Sara doesn’t judge. She simply pulls up a seat and sits down beside me. “When I was younger, we had a pet bird,” she reveals. I nod, happy to discuss her bird if it means we don’t have to dissect my feelings. But I soon realize there is a moral to the story.

“He was a little yellow canary. Although caged, he used to sing the most beautiful songs. I often wondered how something imprisoned could sing all day long. Late one night, after my father came home stumbling drunk, he saw me talking to Pepsi. The bird,” she clarifies. I smile, remembering I once had a bird or, rather, a chicken of my own.

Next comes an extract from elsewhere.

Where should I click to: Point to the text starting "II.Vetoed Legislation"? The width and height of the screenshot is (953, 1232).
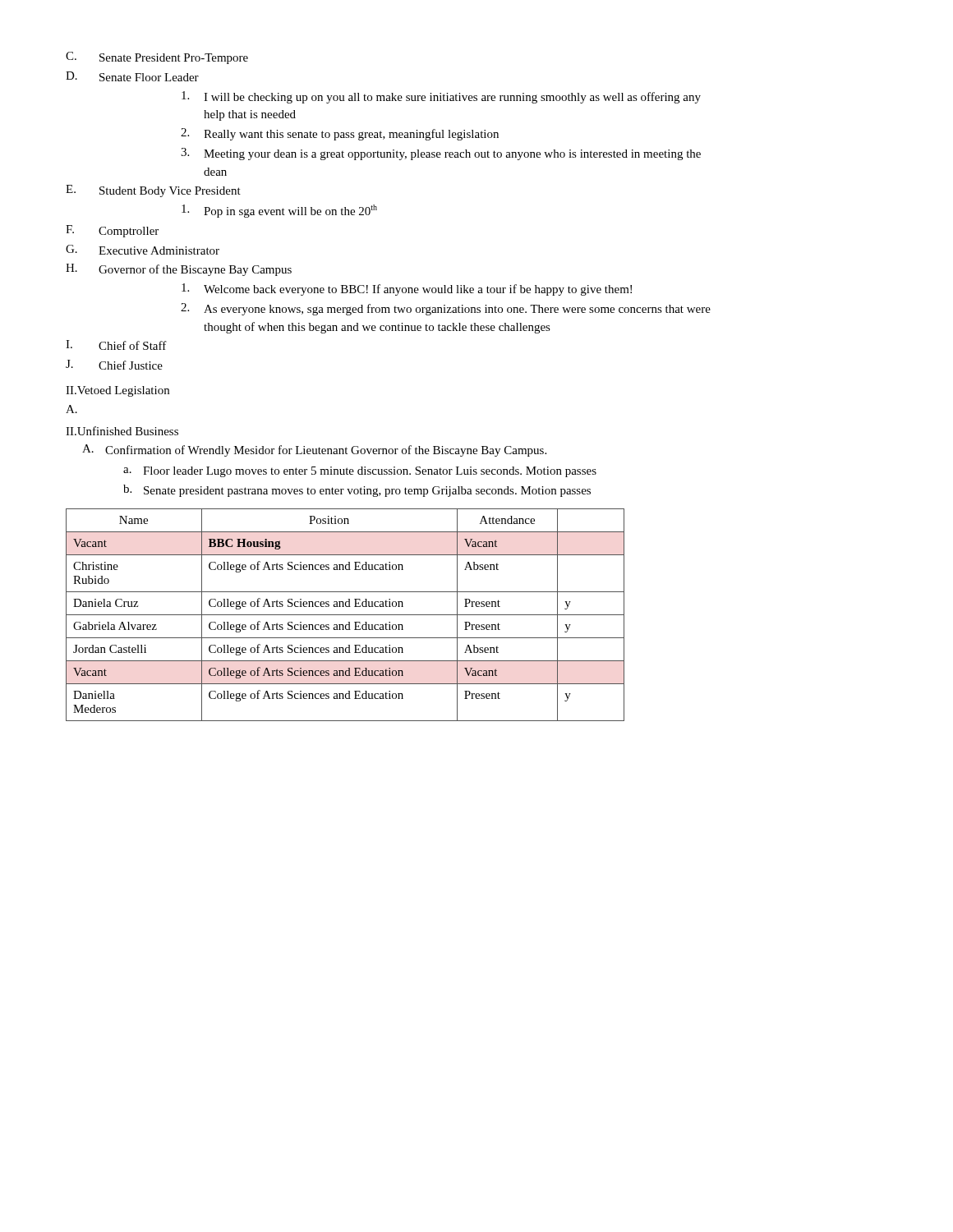coord(118,390)

“He scolded me, calling me stupid for making friends with a bird. He said I was stupid like my mother.” A tear trickles down her cheek, but she quickly wipes it away. “He threatened that one day, when I wasn’t looking, he would feed Pepsi to the barn cats.”

It seems her father was always a bastard.

“I couldn’t let that happen,” she continues. “Early the next morning, I opened Pepsi’s cage to grant him freedom, and it broke my heart as he was the only friend I had. My mother had run off with our neighbor, and I was an only child. I had no one. Only Pepsi. I thought he would be happy. I thought he would spread his wings and fly.”

She has my undivided attention as I need to know where she is going with this.

“But he didn’t. Even with the door open, he stayed perched on his swing, singing his song. I didn’t understand it. Why wasn’t he flying to safety? I tried to coax him out by placing his cage outside. But it didn’t work. He simply was happy living his life in a cage.

“For three days, I tried everything, but Pepsi wasn’t interested. He ate his food, drank his water, and sang his happy song. It was a hot summer’s day; I remember it like it was yesterday as a new family moved across the road from us. They had a little girl, same age as me. She asked if I wanted to come over and play.